Mussar Vaad Practice group, MVP, last night. Rich Levine led a wonderful session on simplicity. Kate and I went for the second time in a row. Still wears us out. Finished at 9:30 pm, way past both our bed times. Here’s an interesting statistic, of the 10 of us in the MVP group, two of us have active cancer right now and one is in remission from breast cancer. 30%.

Resilience

Beltane and the Recovery Moon

Late April

Kate’s stamina has improved so much. Thursday. Mussar in the afternoon and a board meeting in the evening. Last night we went to the Gospel Shabbat. The Beth Evergreen singers, supplemented by members of the Evergreen Chorale, were led by Val, a committed choir director with a lot of energy, plus a fine pianist added to the CBE band.

It was high, good energy and Kate stayed the whole time, including for a bit of the oneg. (oneg is snacks and goodies provided after a service.) Her hip bothered her a bit, but she walked and stood, clapped and sang. A real simcha.

Rabbi Jamie came by yesterday around lunch time to see how I was doing. We fed him chicken pot pie (mine) and watermelon, then he and I retired to my loft. He’s a good guy. A dog person. His first dog was a wolf hybrid, 105 pounds, that lived an astonishing 18 years.

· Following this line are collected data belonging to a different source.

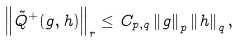Convert formula to latex. <formula><loc_0><loc_0><loc_500><loc_500>\left \| \tilde { Q } ^ { + } ( g , h ) \right \| _ { r } \leq C _ { p , q } \left \| g \right \| _ { p } \left \| h \right \| _ { q } ,</formula> 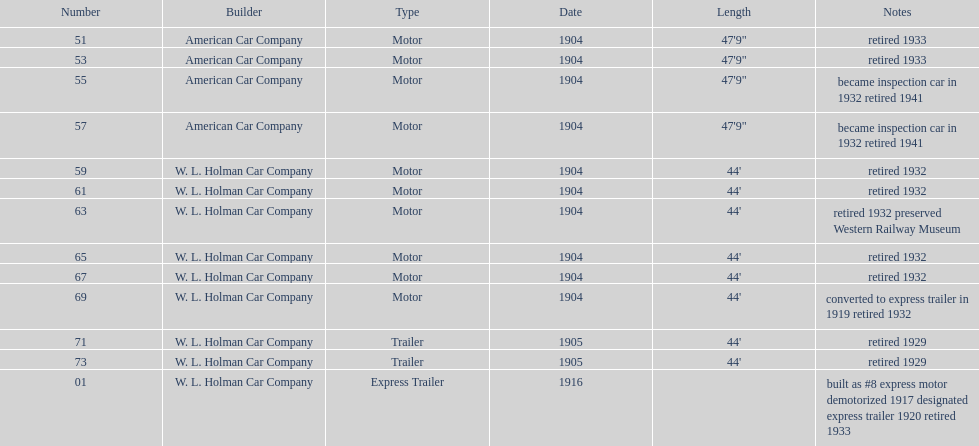How long did it take number 71 to retire? 24. 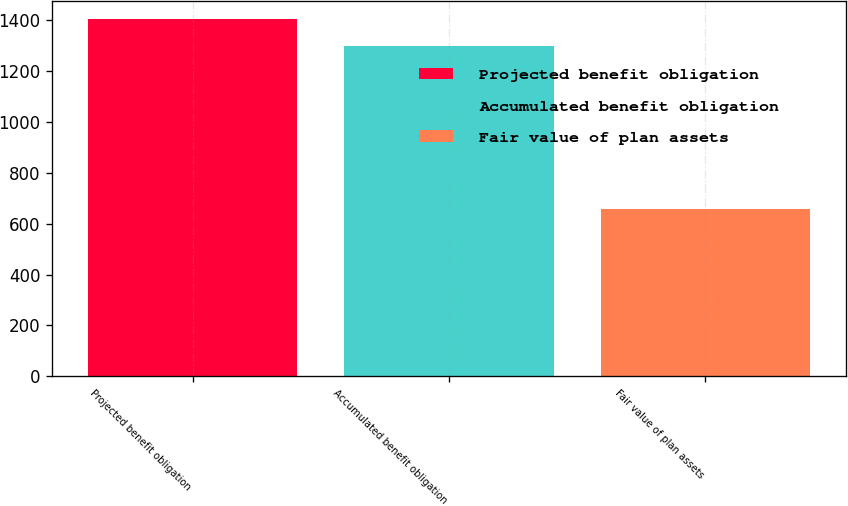Convert chart. <chart><loc_0><loc_0><loc_500><loc_500><bar_chart><fcel>Projected benefit obligation<fcel>Accumulated benefit obligation<fcel>Fair value of plan assets<nl><fcel>1405<fcel>1300<fcel>657<nl></chart>

He lost a dog recently to a porcupine. Awful way to die. But natural. We agreed it was a good death, both animals doing what evolution had taught them.

Tomorrow, for father’s day, Jon, Ruth, Gabe, Kate and I are going, at my request, to Biker Jim’s Gourmet Dogs. No less a foody than Anthony Bourdain recommended Biker Jim’s. Apparently he soaks his onions in Coca-Cola. After Biker Jim’s hot dogs will become a special occasion treat for me, no longer in my diet. Other processed meats, too. Gonna miss’em.